Assigned task:
Your response should contain exactly the lines running from the one with "Name this moth's species." to the end of the data below, both included, and no pictures.

Records for the task:
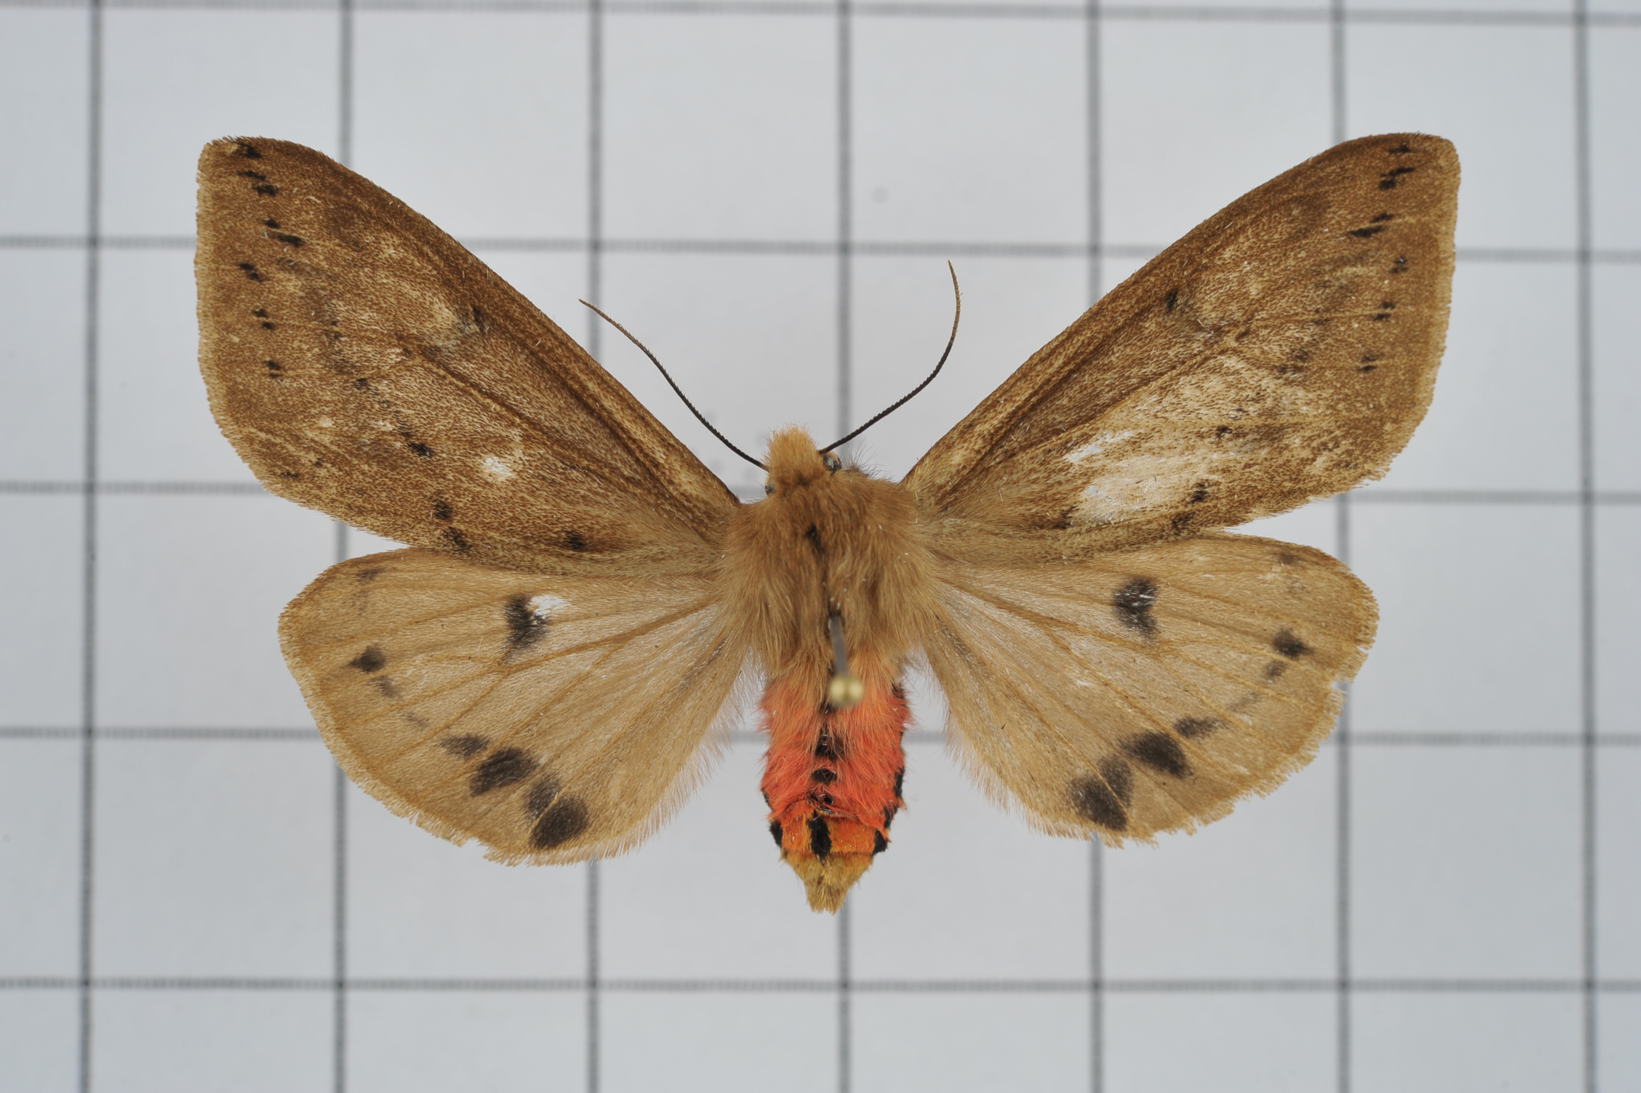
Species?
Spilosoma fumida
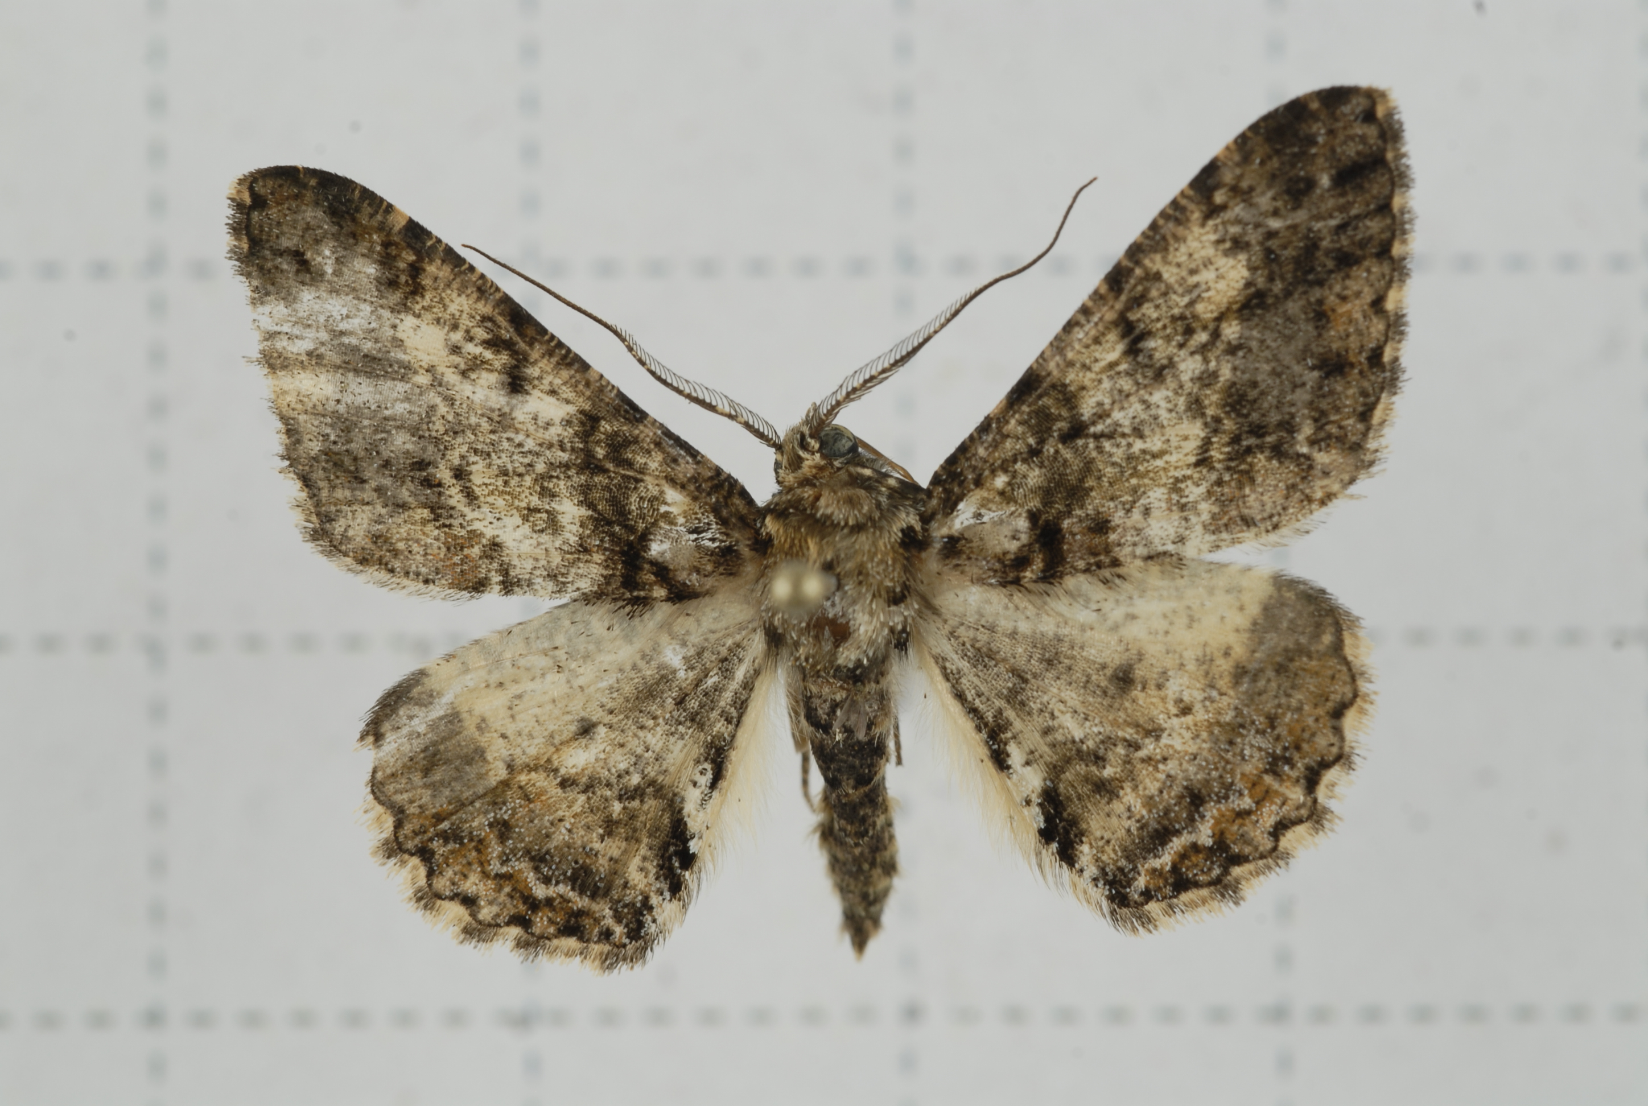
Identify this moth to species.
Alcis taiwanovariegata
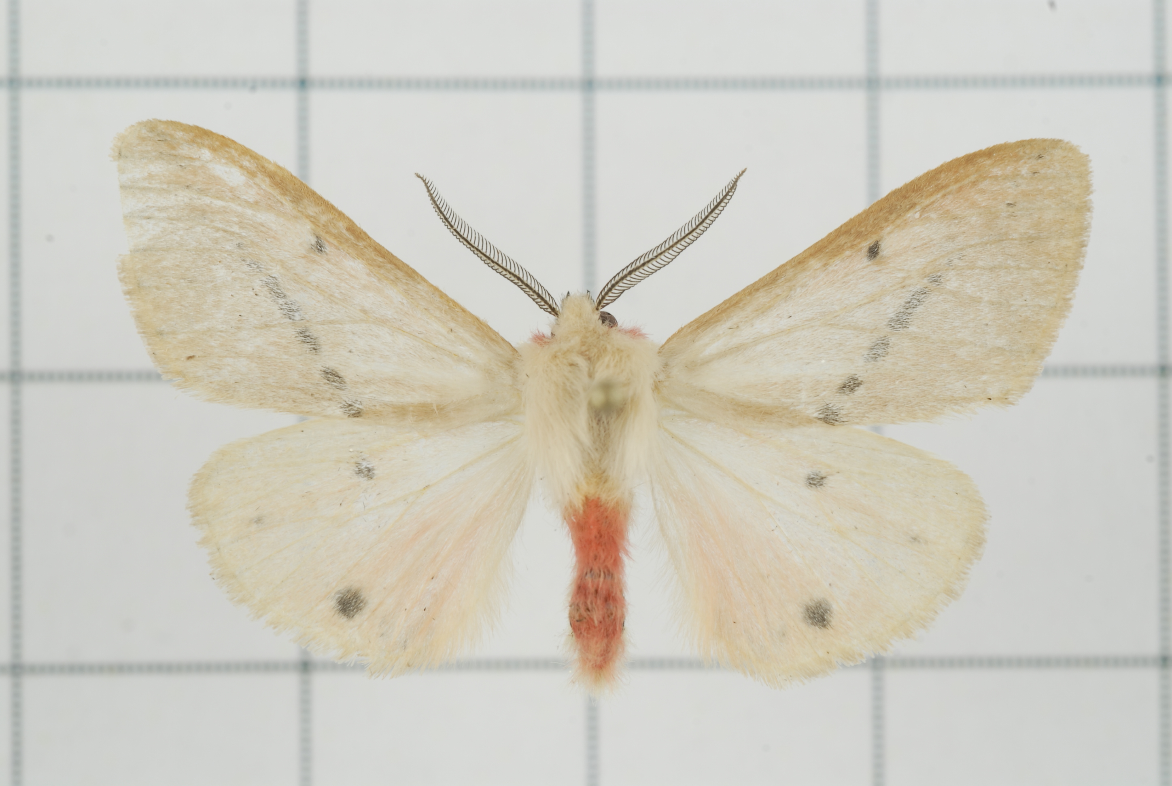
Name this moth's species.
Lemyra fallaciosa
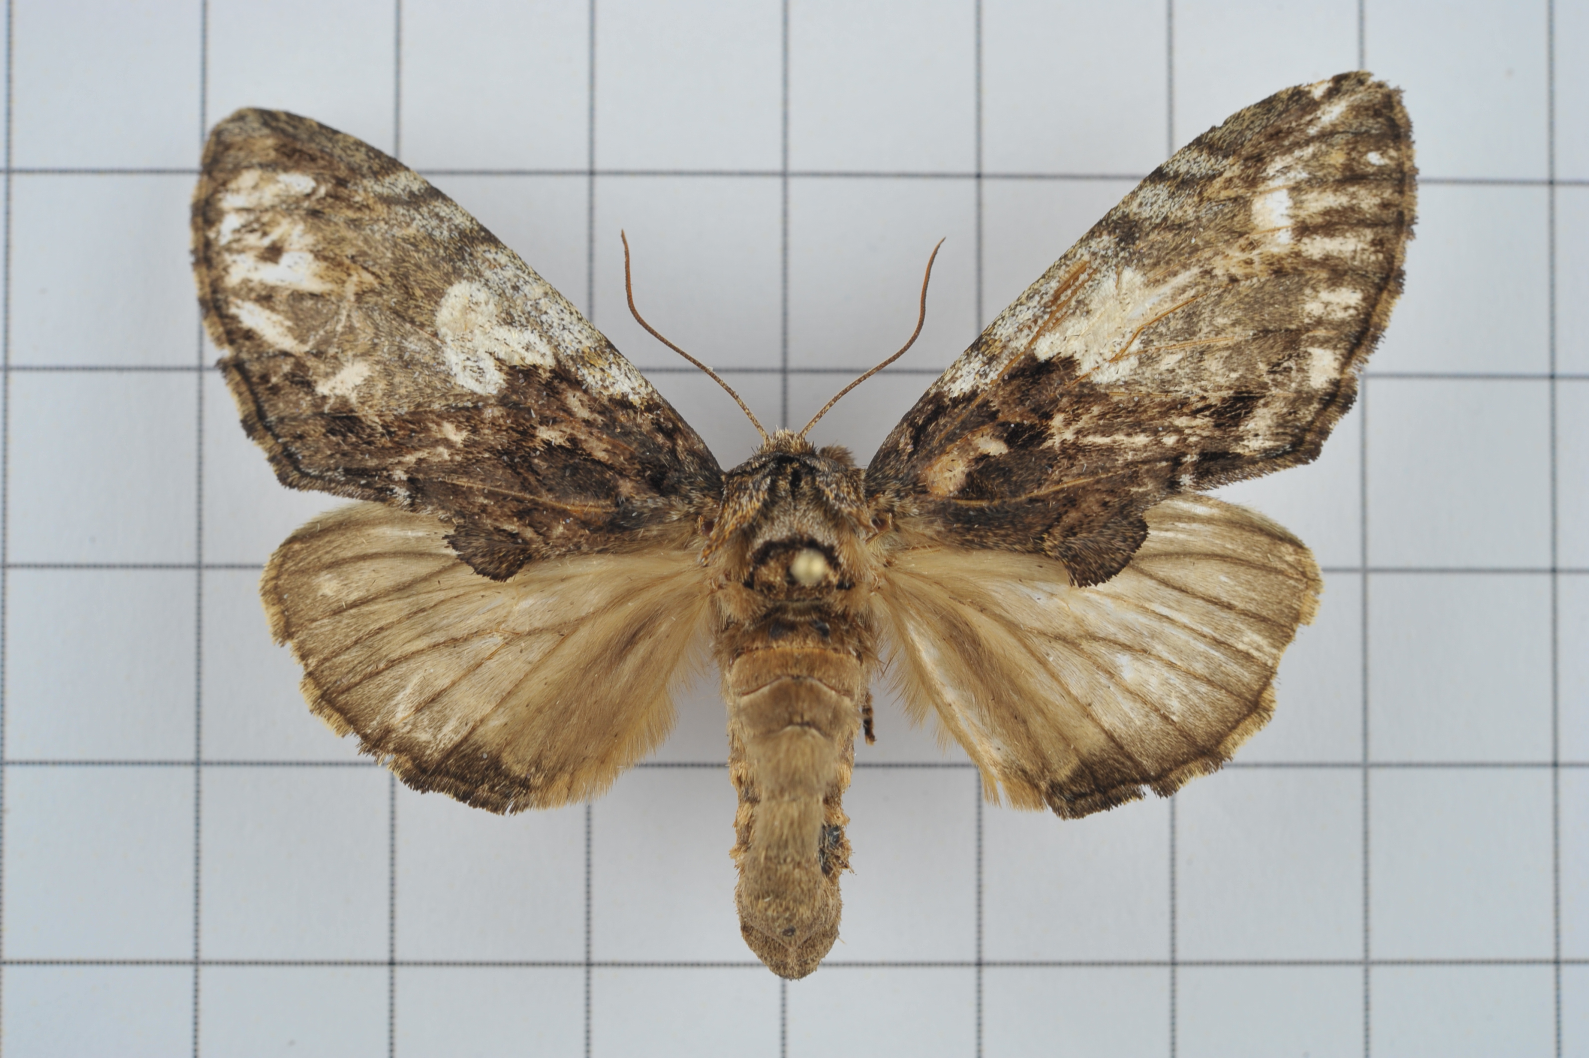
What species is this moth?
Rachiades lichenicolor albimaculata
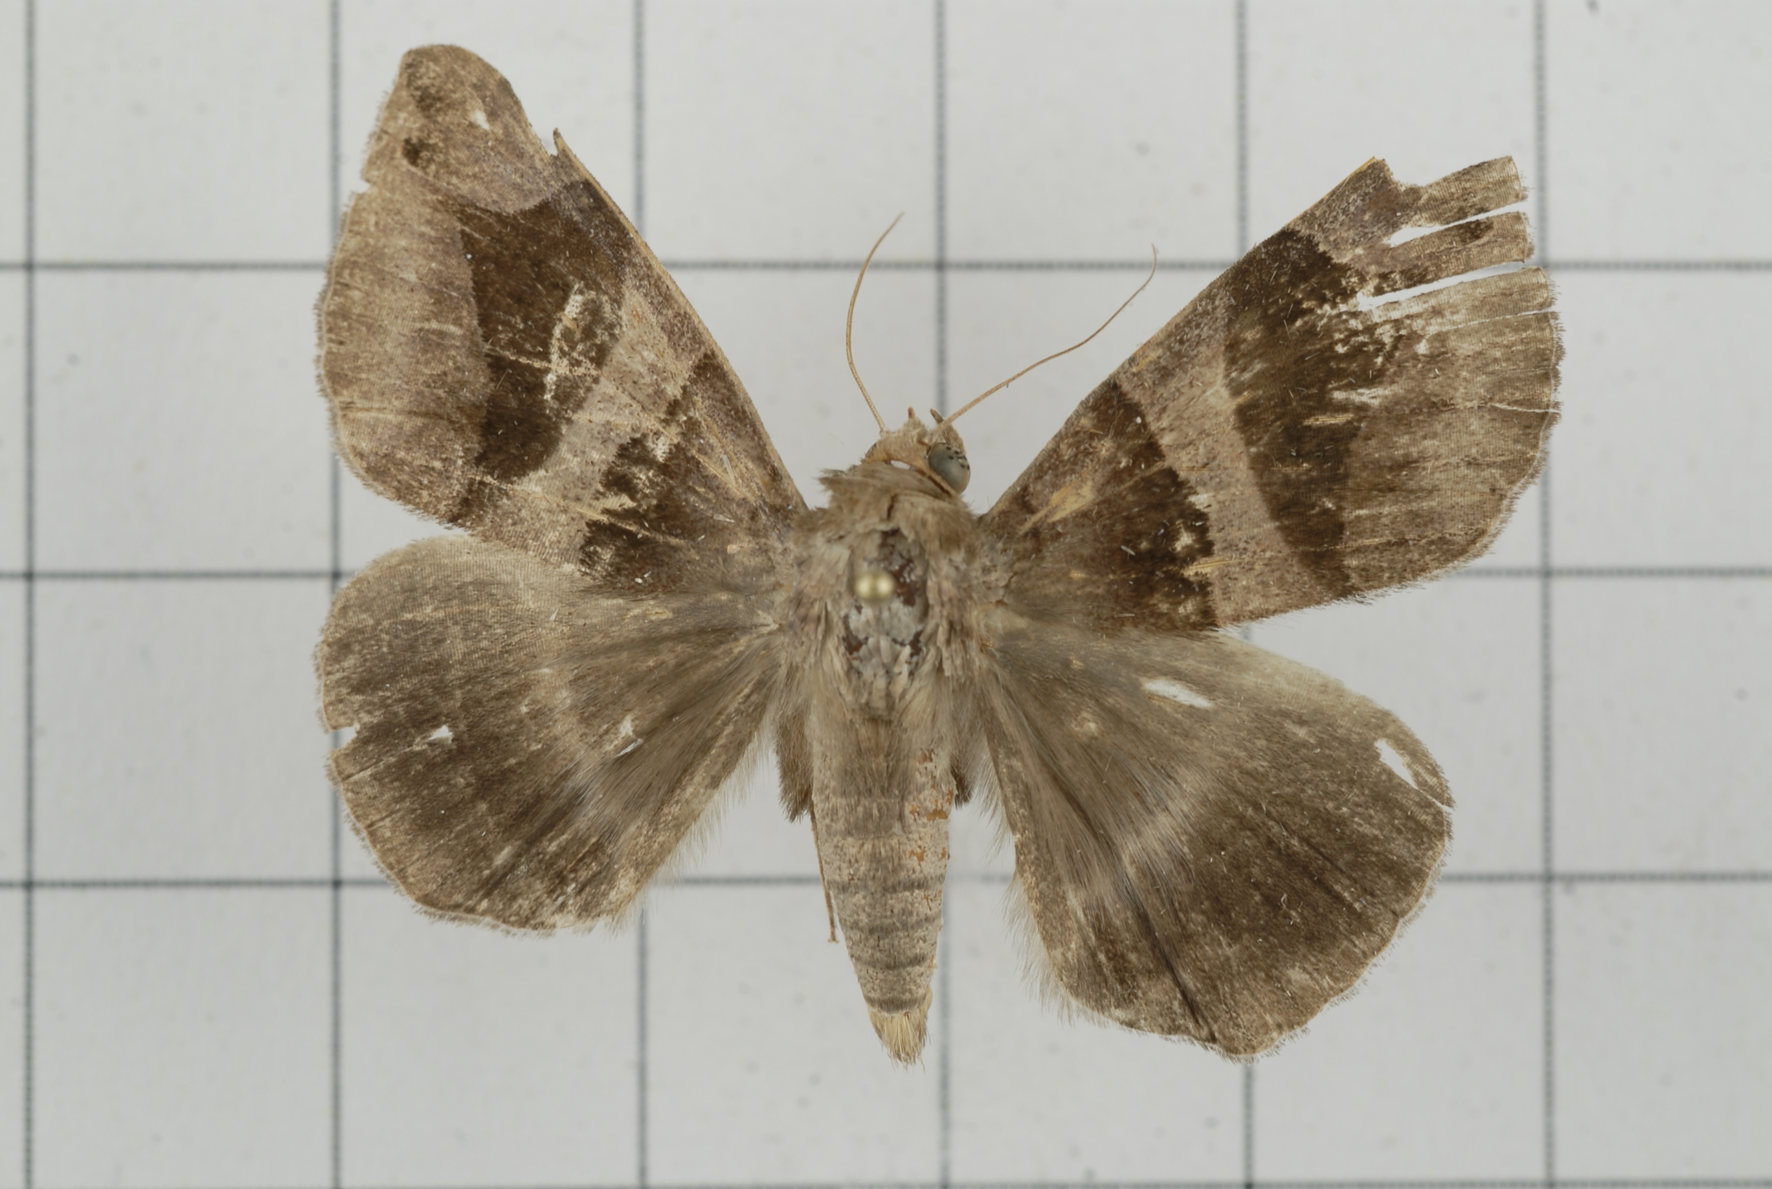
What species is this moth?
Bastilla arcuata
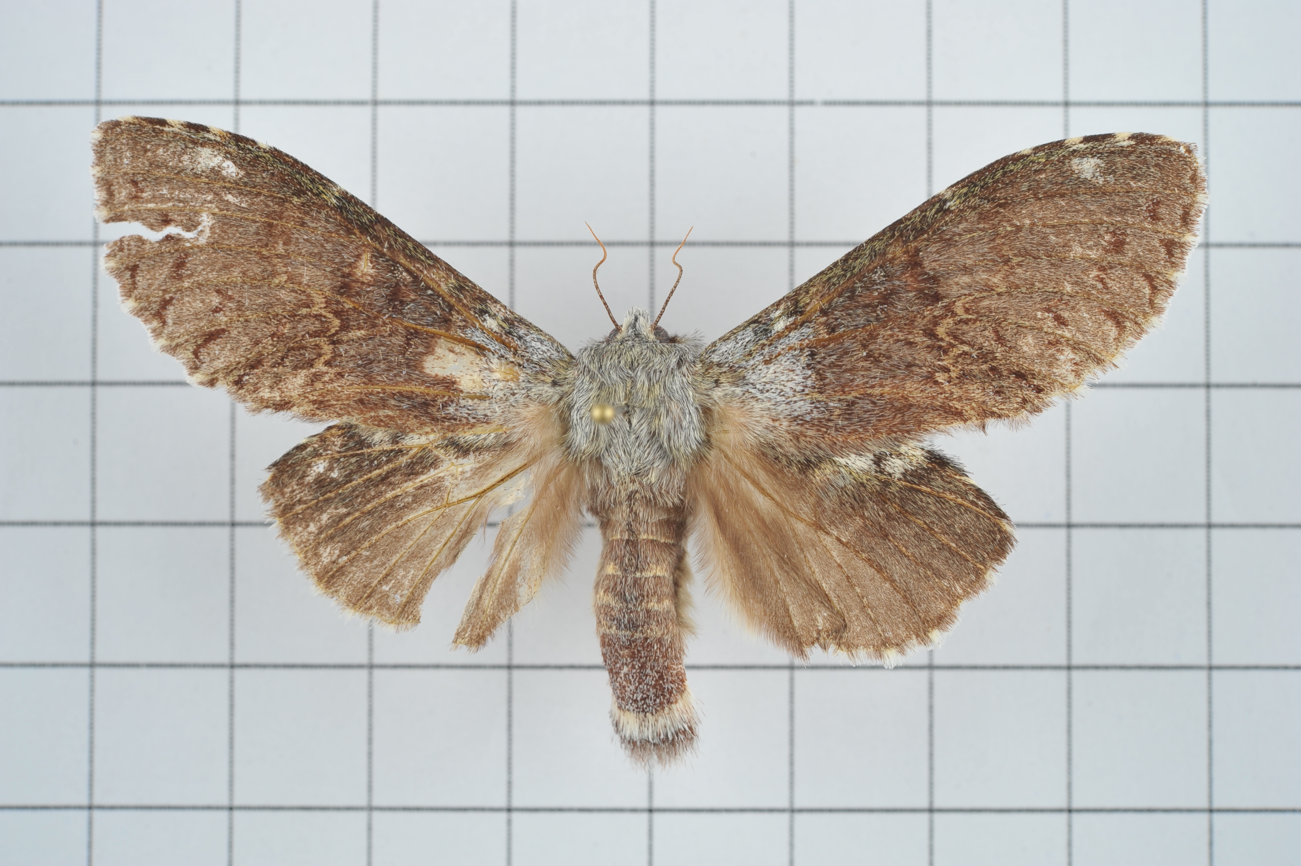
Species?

Final answer:
Name this moth's species.
Lemyra fallaciosa
What species is this moth?
Rachiades lichenicolor albimaculata
What species is this moth?
Bastilla arcuata
Species?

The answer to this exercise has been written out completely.